先生の大徳人民(じんみん)撫恤(ぶじゅつ)の道を行ふ事既に久し。
遂に幕府に達し天保十三寅年(とらとし)冬、命(めい)を下して先生を登用し玉ふ。
時に先生大久保候の邸(やしき)に寓居(ぐうきょ)す。
草野大夫此の事を聞きて曰く、
我先生に謁し道を問んと欲すること久し。
然りと雖も遠路を隔だて主用繁多(はんた)にして野州に至ることを得ず。
今先生の在府時を得たりと云ふべし 
と。
是に於て人をして面謁(めんえつ)を請はしむ。
先生辭(じ)するに暇(いとま)なきを以てす。
大夫頻(しき)りに求めて止まず。
先生素(もと)より草野某(それ)の徳行誠忠を聞き、頗(すこぶ)る其の人となりを歎賞せり、故に面會(めんくわい)する事を得たり。

草野某(それ)先生に謂(い)ひて曰く、
不肖先生の高名を聞き教を受けんと欣慕(きんぼ)する事久し。
今某(それがし)の愚誠を察し面謁(めんえつ)を許し給ふ何の幸(さいはひ)か之に如(し)かんや。
某(それがし)主家(しゆか)領邑(りやういふ)舊來(きうらい)の艱難殊(こと)に甚しく、中古(ちゆうこ)元禄年間に比すれば人員の減ずること五萬(まん)人餘(よ)、収納(しうなふ)の減ずること十萬苞餘(まんぺうよ)、領中大半荒蕪(くわうぶ)に歸(き)し、借債(しやくさい)山の如く、實(じつ)に亡國に(ぼうこく)頻(ひん)せりと謂(い)ふべし。
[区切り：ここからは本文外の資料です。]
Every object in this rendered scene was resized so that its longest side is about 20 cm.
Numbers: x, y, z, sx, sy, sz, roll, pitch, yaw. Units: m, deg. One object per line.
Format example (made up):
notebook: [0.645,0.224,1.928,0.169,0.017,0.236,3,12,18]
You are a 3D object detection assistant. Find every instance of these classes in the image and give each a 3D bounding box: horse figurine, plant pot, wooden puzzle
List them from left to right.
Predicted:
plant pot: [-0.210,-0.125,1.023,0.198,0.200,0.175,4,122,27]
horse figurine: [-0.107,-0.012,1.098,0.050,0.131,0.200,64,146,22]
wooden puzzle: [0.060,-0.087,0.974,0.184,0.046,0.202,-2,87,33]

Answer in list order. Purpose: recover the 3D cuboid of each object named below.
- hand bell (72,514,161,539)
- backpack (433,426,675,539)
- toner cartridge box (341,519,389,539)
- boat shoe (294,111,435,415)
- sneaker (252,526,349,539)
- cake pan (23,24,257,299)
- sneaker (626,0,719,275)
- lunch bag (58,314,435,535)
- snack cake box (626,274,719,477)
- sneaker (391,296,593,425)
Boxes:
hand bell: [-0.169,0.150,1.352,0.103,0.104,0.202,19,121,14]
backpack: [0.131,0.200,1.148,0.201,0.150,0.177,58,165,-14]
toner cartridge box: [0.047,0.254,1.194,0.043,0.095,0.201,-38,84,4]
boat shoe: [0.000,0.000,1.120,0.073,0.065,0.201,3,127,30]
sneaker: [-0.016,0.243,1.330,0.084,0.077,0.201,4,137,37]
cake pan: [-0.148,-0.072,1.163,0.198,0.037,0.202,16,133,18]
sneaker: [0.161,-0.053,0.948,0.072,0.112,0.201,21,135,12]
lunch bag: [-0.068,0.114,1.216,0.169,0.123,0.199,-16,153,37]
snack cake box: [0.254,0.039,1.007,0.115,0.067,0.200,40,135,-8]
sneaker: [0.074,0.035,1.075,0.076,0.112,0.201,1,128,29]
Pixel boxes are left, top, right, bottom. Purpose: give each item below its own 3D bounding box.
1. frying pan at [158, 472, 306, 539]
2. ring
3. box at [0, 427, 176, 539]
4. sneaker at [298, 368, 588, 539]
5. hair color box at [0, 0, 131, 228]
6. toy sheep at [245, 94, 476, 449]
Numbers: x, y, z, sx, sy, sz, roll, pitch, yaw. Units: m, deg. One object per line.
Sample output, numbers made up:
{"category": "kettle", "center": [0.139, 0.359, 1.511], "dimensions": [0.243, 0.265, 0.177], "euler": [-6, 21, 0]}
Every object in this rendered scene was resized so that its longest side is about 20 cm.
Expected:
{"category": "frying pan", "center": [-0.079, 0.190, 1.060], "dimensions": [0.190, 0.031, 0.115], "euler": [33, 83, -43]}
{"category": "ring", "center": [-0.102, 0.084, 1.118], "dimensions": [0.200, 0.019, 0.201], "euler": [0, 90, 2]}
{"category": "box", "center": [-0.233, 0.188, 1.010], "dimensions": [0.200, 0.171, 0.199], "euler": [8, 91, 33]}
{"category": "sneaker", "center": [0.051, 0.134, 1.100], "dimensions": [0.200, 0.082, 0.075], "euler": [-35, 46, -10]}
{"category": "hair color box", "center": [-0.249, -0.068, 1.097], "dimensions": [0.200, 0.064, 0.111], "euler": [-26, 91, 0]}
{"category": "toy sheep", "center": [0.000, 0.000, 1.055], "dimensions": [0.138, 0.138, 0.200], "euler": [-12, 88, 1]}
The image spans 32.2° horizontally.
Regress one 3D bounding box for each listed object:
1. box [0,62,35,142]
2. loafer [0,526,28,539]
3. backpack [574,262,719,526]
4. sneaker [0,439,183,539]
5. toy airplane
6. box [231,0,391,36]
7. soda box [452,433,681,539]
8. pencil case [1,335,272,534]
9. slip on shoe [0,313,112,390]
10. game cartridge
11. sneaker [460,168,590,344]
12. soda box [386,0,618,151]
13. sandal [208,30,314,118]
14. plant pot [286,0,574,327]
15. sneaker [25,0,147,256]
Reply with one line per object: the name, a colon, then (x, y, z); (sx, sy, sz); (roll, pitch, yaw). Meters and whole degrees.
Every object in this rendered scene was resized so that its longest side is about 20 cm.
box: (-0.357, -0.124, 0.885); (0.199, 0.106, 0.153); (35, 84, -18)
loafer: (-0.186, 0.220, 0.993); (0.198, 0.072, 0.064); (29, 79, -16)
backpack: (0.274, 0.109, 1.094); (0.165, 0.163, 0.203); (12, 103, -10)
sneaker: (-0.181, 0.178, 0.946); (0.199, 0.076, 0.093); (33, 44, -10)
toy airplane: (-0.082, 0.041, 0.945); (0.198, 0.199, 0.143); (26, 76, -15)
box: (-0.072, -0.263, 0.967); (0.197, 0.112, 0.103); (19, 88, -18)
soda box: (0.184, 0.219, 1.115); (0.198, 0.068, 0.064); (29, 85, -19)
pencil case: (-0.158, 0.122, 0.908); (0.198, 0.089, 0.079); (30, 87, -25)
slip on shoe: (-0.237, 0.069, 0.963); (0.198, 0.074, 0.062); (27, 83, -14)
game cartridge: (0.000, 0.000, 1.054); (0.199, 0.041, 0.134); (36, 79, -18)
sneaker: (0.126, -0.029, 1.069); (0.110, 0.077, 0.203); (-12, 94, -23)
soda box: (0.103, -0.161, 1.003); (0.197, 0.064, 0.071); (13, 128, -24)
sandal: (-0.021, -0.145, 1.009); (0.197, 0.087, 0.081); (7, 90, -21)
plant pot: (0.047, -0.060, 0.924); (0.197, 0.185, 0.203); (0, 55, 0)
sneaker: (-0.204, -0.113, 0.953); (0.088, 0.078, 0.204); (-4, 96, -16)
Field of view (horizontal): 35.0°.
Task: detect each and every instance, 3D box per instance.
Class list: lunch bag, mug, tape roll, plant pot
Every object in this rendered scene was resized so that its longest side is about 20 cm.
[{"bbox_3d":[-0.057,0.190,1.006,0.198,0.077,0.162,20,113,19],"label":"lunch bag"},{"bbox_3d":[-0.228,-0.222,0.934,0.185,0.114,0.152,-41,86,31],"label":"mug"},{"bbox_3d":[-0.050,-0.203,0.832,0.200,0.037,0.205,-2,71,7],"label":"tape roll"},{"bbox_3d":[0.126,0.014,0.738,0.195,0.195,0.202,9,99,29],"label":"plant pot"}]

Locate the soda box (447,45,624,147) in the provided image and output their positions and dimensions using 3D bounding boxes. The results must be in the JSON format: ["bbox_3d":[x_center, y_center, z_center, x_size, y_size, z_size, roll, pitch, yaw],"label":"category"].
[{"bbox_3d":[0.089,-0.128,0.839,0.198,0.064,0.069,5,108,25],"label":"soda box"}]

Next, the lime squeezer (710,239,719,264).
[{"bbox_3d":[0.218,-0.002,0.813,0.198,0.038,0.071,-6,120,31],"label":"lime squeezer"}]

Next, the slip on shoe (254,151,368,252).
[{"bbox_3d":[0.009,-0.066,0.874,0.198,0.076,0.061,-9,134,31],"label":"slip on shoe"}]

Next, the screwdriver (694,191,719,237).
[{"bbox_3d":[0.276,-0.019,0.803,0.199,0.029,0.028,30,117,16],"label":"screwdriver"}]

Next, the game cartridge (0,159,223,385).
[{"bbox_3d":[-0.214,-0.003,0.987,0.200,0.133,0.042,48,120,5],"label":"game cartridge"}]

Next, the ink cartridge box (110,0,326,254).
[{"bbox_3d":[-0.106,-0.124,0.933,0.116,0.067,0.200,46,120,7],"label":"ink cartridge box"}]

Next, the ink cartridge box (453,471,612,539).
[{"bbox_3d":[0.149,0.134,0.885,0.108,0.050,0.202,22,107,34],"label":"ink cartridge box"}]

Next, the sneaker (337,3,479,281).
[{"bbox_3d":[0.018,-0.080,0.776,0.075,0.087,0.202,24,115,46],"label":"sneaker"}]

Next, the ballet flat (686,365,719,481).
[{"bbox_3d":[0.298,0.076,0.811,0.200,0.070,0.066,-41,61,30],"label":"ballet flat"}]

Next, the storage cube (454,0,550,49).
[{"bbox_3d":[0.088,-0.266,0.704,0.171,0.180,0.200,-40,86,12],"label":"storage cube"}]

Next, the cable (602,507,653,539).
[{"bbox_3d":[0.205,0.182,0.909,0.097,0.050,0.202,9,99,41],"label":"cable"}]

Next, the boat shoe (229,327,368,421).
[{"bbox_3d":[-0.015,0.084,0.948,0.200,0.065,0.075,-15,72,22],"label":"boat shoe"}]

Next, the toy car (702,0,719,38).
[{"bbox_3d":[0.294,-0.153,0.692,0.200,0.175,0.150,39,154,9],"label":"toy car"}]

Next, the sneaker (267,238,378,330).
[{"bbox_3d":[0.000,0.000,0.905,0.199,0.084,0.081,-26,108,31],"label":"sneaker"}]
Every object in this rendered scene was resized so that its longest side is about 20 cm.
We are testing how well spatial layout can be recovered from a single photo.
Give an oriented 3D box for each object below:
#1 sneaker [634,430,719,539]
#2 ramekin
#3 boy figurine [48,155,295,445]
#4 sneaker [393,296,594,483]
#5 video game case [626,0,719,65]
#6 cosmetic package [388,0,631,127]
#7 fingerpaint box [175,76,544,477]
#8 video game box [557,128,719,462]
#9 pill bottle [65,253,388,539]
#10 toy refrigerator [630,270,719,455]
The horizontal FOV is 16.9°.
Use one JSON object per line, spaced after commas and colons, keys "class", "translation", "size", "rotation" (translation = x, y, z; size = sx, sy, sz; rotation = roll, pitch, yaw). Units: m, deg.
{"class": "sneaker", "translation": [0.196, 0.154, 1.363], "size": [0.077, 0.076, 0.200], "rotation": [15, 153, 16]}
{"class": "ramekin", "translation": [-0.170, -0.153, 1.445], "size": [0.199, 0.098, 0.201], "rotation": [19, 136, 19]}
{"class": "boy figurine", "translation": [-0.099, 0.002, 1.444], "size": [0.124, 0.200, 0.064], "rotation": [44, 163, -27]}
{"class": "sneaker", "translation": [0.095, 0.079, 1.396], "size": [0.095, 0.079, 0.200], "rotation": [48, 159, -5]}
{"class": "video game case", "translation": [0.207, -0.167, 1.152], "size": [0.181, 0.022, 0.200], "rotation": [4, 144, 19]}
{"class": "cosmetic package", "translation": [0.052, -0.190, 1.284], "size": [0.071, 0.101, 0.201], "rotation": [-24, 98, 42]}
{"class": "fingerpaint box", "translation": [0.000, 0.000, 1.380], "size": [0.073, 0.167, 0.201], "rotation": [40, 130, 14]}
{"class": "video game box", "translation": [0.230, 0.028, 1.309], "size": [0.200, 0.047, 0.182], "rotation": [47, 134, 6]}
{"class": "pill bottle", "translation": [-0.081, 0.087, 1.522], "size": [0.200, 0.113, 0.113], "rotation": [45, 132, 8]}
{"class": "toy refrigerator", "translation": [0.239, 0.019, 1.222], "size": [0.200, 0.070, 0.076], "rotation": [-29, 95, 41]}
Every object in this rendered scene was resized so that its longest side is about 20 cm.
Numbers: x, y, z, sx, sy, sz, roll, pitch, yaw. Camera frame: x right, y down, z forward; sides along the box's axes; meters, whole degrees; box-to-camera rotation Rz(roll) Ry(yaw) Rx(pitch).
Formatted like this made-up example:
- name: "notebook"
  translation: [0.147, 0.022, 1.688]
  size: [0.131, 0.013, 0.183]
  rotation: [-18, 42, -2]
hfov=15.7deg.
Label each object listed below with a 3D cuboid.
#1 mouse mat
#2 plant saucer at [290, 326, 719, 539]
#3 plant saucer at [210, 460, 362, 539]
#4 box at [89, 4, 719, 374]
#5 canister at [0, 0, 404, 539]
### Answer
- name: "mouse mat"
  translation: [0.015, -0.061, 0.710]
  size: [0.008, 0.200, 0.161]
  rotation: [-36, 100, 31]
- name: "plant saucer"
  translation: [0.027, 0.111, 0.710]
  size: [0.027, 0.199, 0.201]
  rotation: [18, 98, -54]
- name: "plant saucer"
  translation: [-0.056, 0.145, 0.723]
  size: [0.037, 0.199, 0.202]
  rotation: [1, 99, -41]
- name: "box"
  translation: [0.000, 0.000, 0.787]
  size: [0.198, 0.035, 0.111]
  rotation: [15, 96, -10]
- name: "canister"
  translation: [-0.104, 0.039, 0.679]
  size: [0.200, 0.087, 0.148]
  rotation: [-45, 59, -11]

先君の世に當(あた)り、文化年中大いに節儉(せつけん)を行ひ、舊弊(きうへい)を革除(かくじよ)し、高六萬石(まんごく)の用度(ようど)を以て一萬石(まんごく)の度に減じ、專(もつぱ)ら邦(くに)の本源たる郡邑(ぐんいふ)再興を計り力を盡(つく)すこと既に三十年に及ぶと雖も、費用多くして其の功半途に至らず。
某(それがし)既に極老(きよくらう)に及び、志願を達すること能はざるをのみ歎息せり。
是れ皆凡庸(ぼんよう)にして國家(こくか)再復の道に明らかならざるが故なり。
然るに先生舊來(きうらい)廢亡(はいぼう)の地を擧(あ)げ百姓を惠恤(けいじゆつ)し之を安撫(あんぶ)する事意の如くならざるはなし。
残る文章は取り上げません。